Der vom Landgericht im Rahmen einer Schätzung nach § 287 ZPO in Ansatz gebrachte Ausgangsbetrag von 500,00 € ist berufungsrechtlich nicht zu beanstanden. Der Beklagte ist ein Fotograf. Dies ergibt sich aus den bindenden Feststellungen im Tatbestand der angefochtenen Entscheidung, die in Einklang mit dem Internetauftritt des Beklagten gemäß der Anlage K4 stehen. Auch wenn der Kläger bestreitet, dass der Beklage hauptberuflich („professionell“) als Fotograf tätig ist und die Qualität des streitbefangenen Bildes bemängelt, bleibt die Tatsache, dass er ein von einem Fotografen gefertigtes Lichtbild im Internet für gewerbliche Zwecke verwendet hat. Der Kläger hat das Foto rund drei Jahre lang genutzt. Sein Internetauftritt ist in deutscher Sprache gehalten und sein Angebot – Meditationen, Ferienseminare in C und der D – auch für deutsche Verbraucher von Interesse. Von einer marginalen Nutzungsintensität in Deutschland kann nicht ausgegangen werden.
Bei fehlender Urheberbenennung ist nach ständiger Rechtsprechung auch des Senats ein Zuschlag von 100 % vorzunehmen.

Dass dem Beklagte Kosten in Höhe von 113,05 € für die Dokumentation der Rechtsverletzung entstanden sind, war in erster Instanz unstreitig. Der Kläger hat in seiner Erwiderung auf die Widerklage lediglich eingewandt, dass die Dokumentationskosten ebenfalls zurückzuweisen seien, da sie Bestandteil der Abmahnung seien. Dieses Argument greift nicht. Dass der Beklagte keinen Anspruch auf Erstattung von Abmahnkosten aus § 97a Abs. 3 UrhG hat, weil die Abmahnung nicht den Anforderungen aus § 97a Abs. 2 UrhG entsprach, betrifft den aus § 97 Abs. 2 UrhG folgenden Anspruch auf Erstattung von Dokumentationskosten nicht. Der Ansicht des Klägers, ein spezifisches Bestreiten der Kosten sei nicht notwendig gewesen, da derartige Kosten unselbständiger Bestandteil der anwaltlichen Abmahnung seien, kann nicht beigetreten werden.

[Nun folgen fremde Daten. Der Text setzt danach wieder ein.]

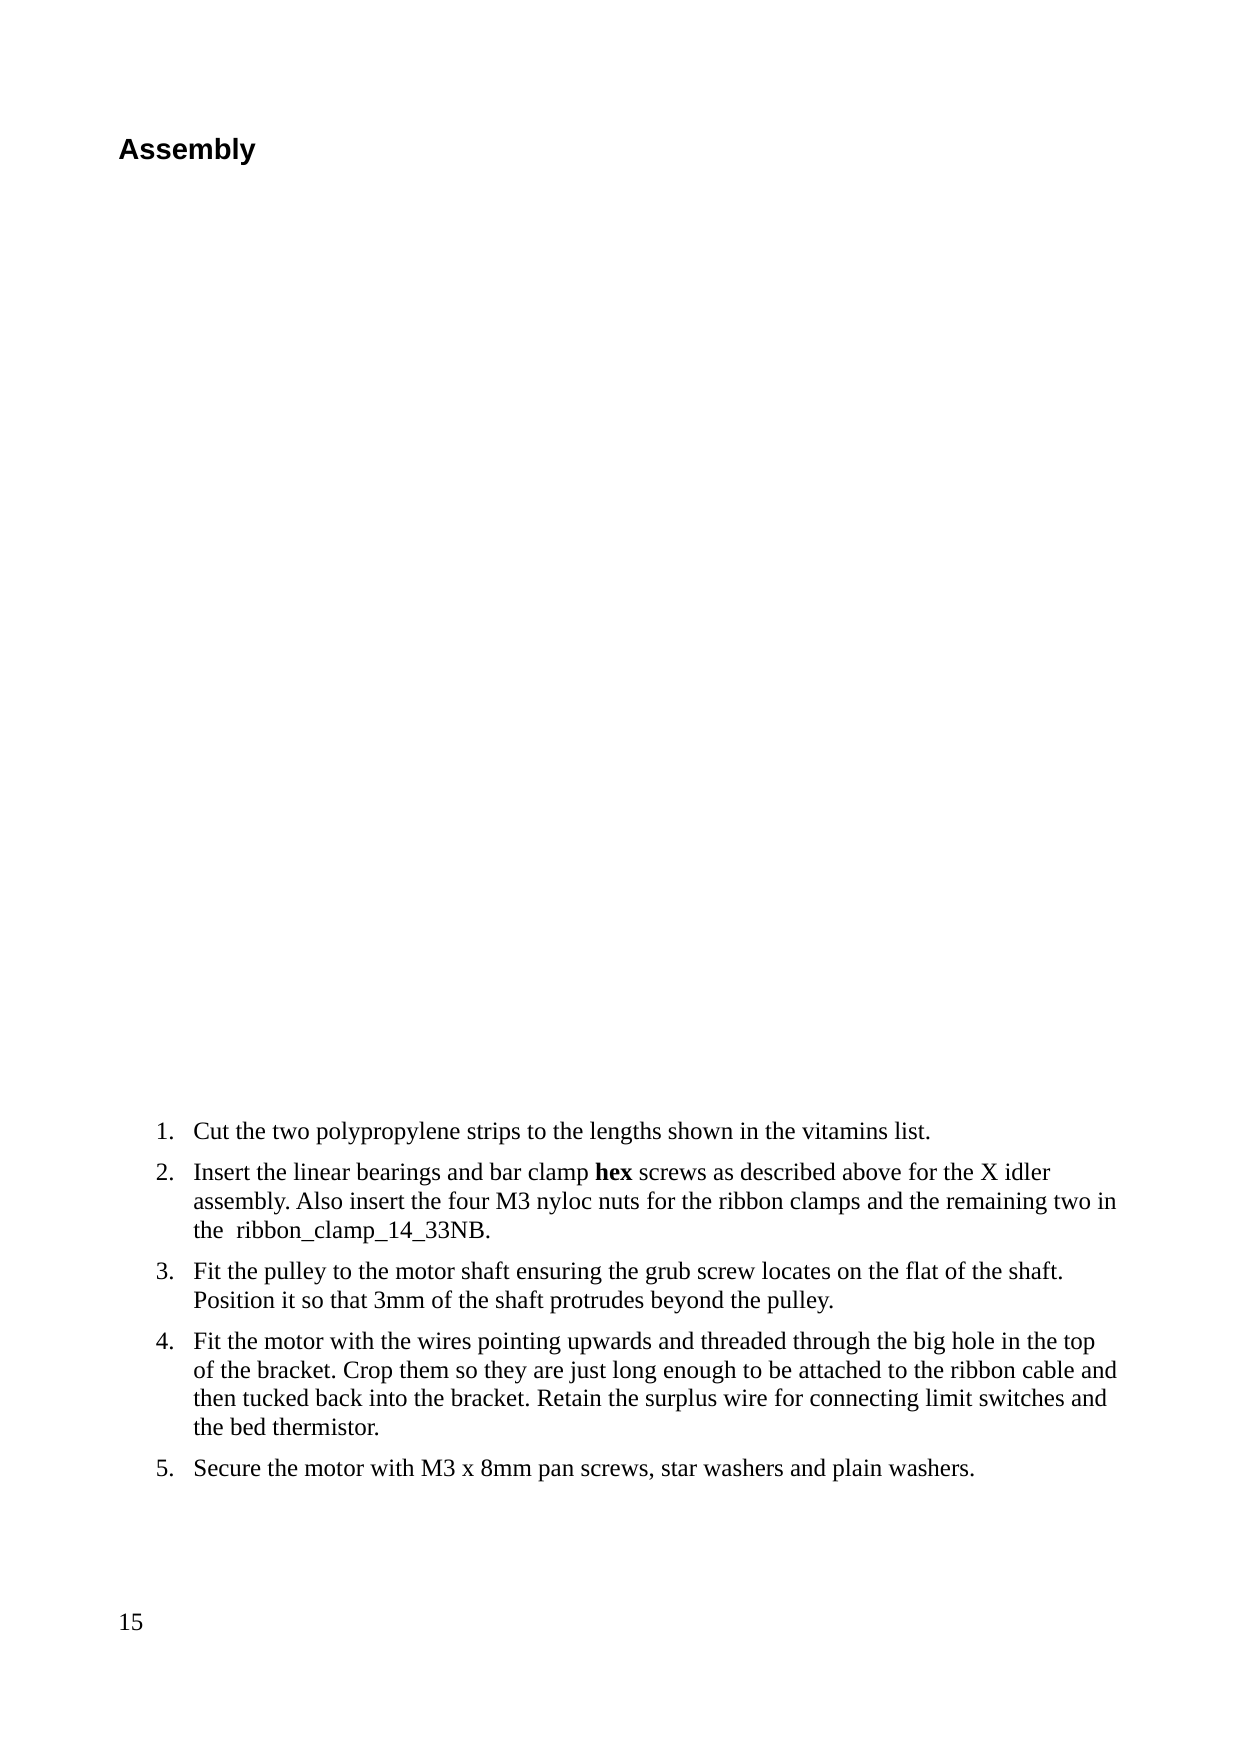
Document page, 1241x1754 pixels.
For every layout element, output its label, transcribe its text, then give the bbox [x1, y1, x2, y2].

subtitle Assembly [118, 132, 1122, 165]
list Fit the pulley to the motor shaft ensuring the grub screw locates on the flat of the shaft. Position it so that 3mm of the shaft protrudes beyond the pulley. [156, 1256, 1122, 1313]
list Insert the linear bearings and bar clamp hex screws as described above for the X idler assembly. Also insert the four M3 nyloc nuts for the ribbon clamps and the remaining two in the ribbon_clamp_14_33NB. [156, 1157, 1122, 1243]
list Secure the motor with M3 x 8mm pan screws, star washers and plain washers. [156, 1453, 1122, 1482]
list Cut the two polypropylene strips to the lengths shown in the vitamins list. [156, 177, 1122, 1145]
list Fit the motor with the wires pointing upwards and threaded through the big hole in the top of the bracket. Crop them so they are just long enough to be attached to the ribbon cable and then tucked back into the bracket. Retain the surplus wire for connecting limit switches and the bed thermistor. [156, 1326, 1122, 1441]

Der Vortrag des Beklagten zu den als solchen unbestrittenen Dokumentationskosten ist auch nicht unschlüssig, zumal der Beklagte bereits in der Abmahnung – wie nunmehr detailliert auch in der Berufungserwiderung – ausgeführt hat, dass er die Nutzung seines Fotos auf der Webseite im erforderlichen Umfang gerichtsverwertbar gesichert habe und dies im Falle des Bestreitens als Beweis vor Gericht vorlegen werde. Er habe nach dem Auffinden der Rechtsverletzung den Dokumentationsdienstleister E mit dem Erstellen der gerichtsverwertbaren Dokumentation der Rechtsverletzung beauftragt. Hierfür seien 95,00 € netto zuzüglich Umsatzsteuer, insgesamt 113,05 € angefallen.
Die Kosten für die gerichtsfeste Dokumentation einer Urheberrechtsverletzung stellen einen durch jene adäquatkausal verursachten Schaden dar.

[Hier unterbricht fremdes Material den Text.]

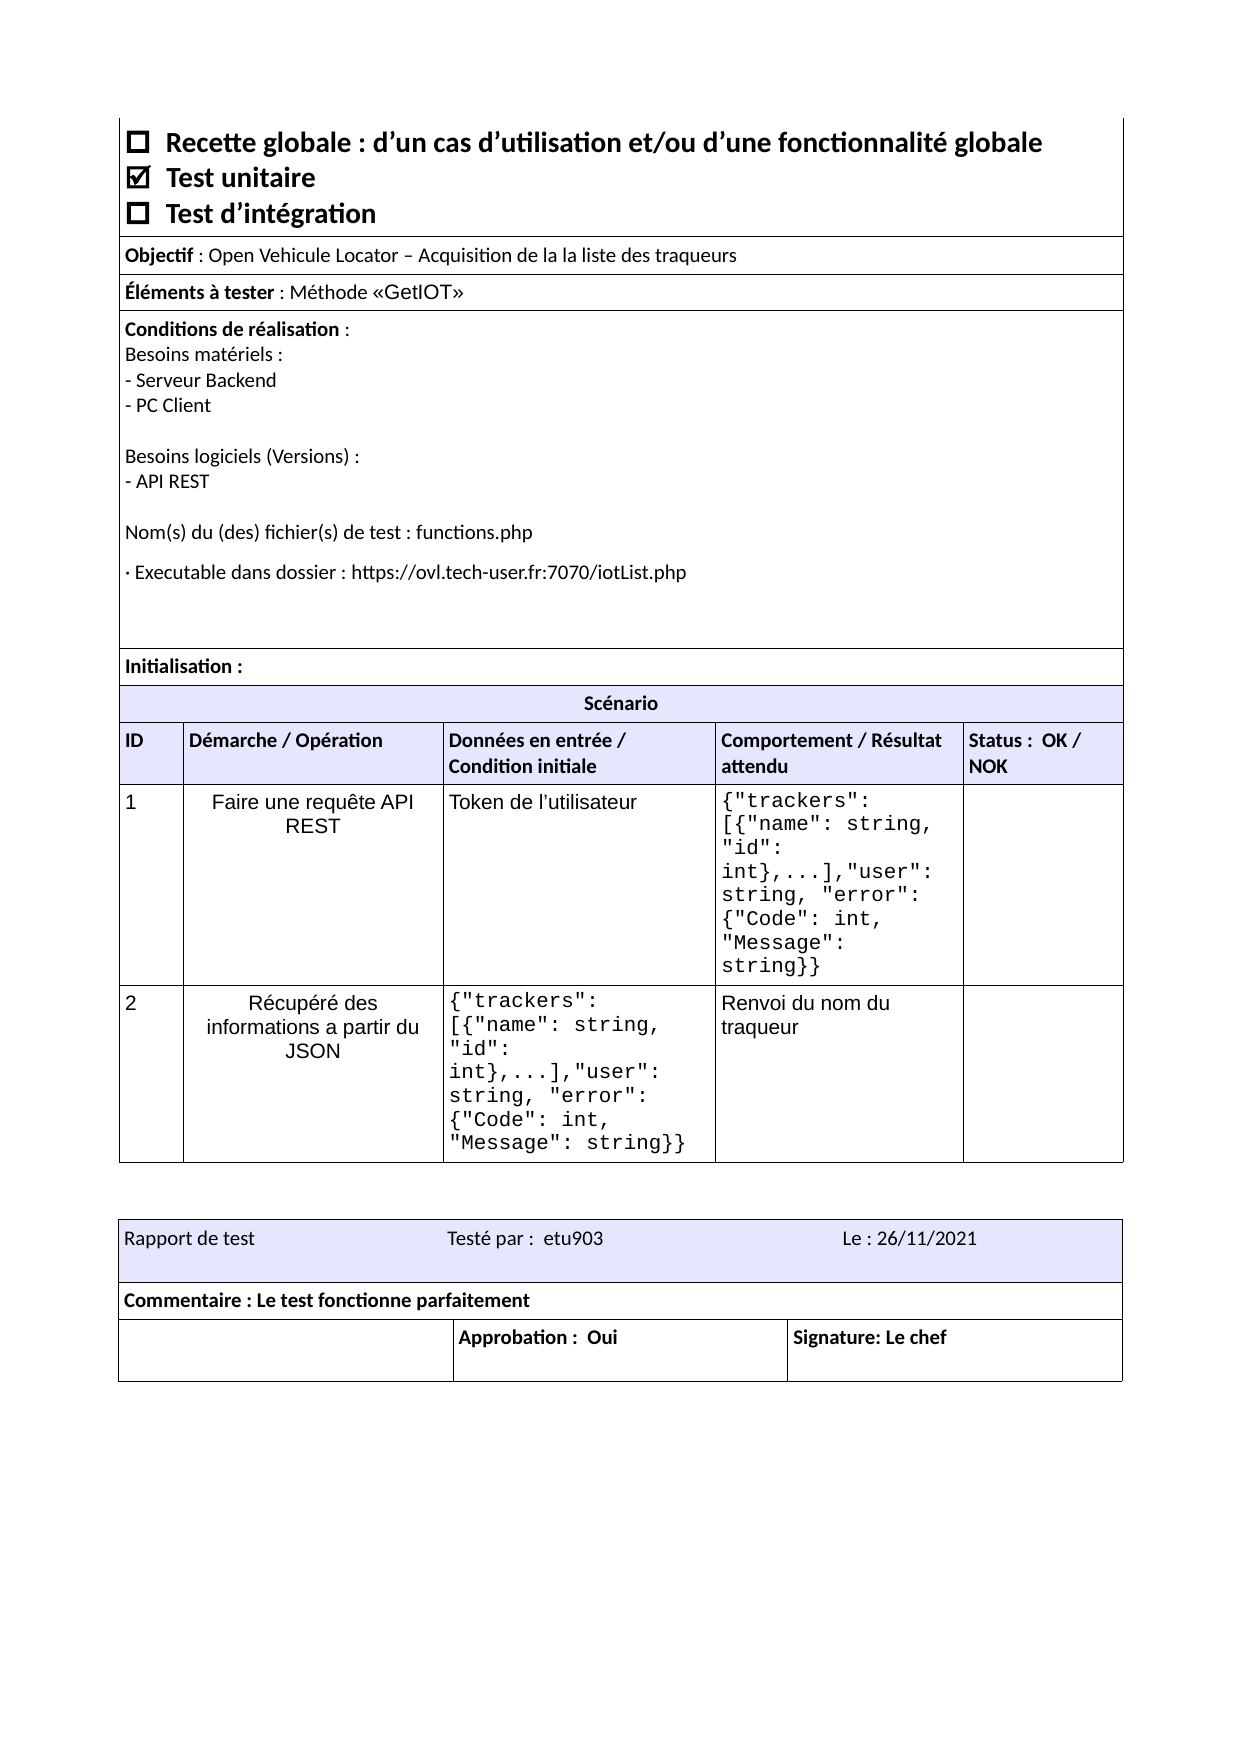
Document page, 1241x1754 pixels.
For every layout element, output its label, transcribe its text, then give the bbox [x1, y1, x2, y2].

table_cell Initialisation : [120, 649, 1123, 684]
table_cell Comportement / Résultat attendu [716, 723, 963, 784]
table_cell Renvoi du nom du traqueur [716, 986, 963, 1162]
table_cell 1 [120, 785, 183, 985]
table_cell Faire une requête API REST [184, 785, 443, 985]
table_cell {"trackers": [{"name": string, "id": int},...],"user": string, "error": {"Code": int, "Message": string}} [716, 785, 963, 985]
table_cell Démarche / Opération [184, 723, 443, 784]
table_cell Approbation : Oui [454, 1320, 787, 1381]
table_cell Récupéré des informations a partir du JSON [184, 986, 443, 1162]
table_cell Commentaire : Le test fonctionne parfaitement [119, 1283, 1122, 1319]
table_cell [964, 986, 1123, 1162]
table_cell Conditions de réalisation : Besoins matériels : - Serveur Backend - PC Client Besoins logiciels (Versions) : - API REST Nom(s) du (des) fichier(s) de test : functions.php · Executable dans dossier : https://ovl.tech-user.fr:7070/iotList.php [120, 311, 1123, 648]
table_cell Token de l’utilisateur [444, 785, 715, 985]
table_cell Données en entrée / Condition initiale [444, 723, 715, 784]
table_cell 2 [120, 986, 183, 1162]
table_header Rapport de test Testé par : etu903 Le : 26/11/2021 [119, 1220, 1122, 1282]
table_cell {"trackers": [{"name": string, "id": int},...],"user": string, "error": {"Code": int, "Message": string}} [444, 986, 715, 1162]
table_cell Objectif : Open Vehicule Locator – Acquisition de la la liste des traqueurs [120, 237, 1123, 273]
table_cell [964, 785, 1123, 985]
table_cell ID [120, 723, 183, 784]
table_cell Scénario [120, 686, 1123, 722]
table_header  Recette globale : d’un cas d’utilisation et/ou d’une fonctionnalité globale  Test unitaire  Test d’intégration [120, 118, 1123, 236]
table_cell Éléments à tester : Méthode «GetIOT» [120, 275, 1123, 310]
table_cell Signature: Le chef [788, 1320, 1122, 1381]
table_cell Status : OK / NOK [964, 723, 1123, 784]
table_cell [119, 1320, 453, 1381]

Soweit der Kläger sich auf Rechtsmissbrauch beruft, hat er nach wie vor keine Tatsachen vorgetragen, die einen solchen Verdacht hinreichend stützen könnten.

Die Berufung wird daher zurückzuweisen sein, wenn der Kläger nicht die Gelegenheit zu einer kostengünstigen Rücknahme des Rechtsmittels innerhalb der Stellungnahmefrist wahrnimmt.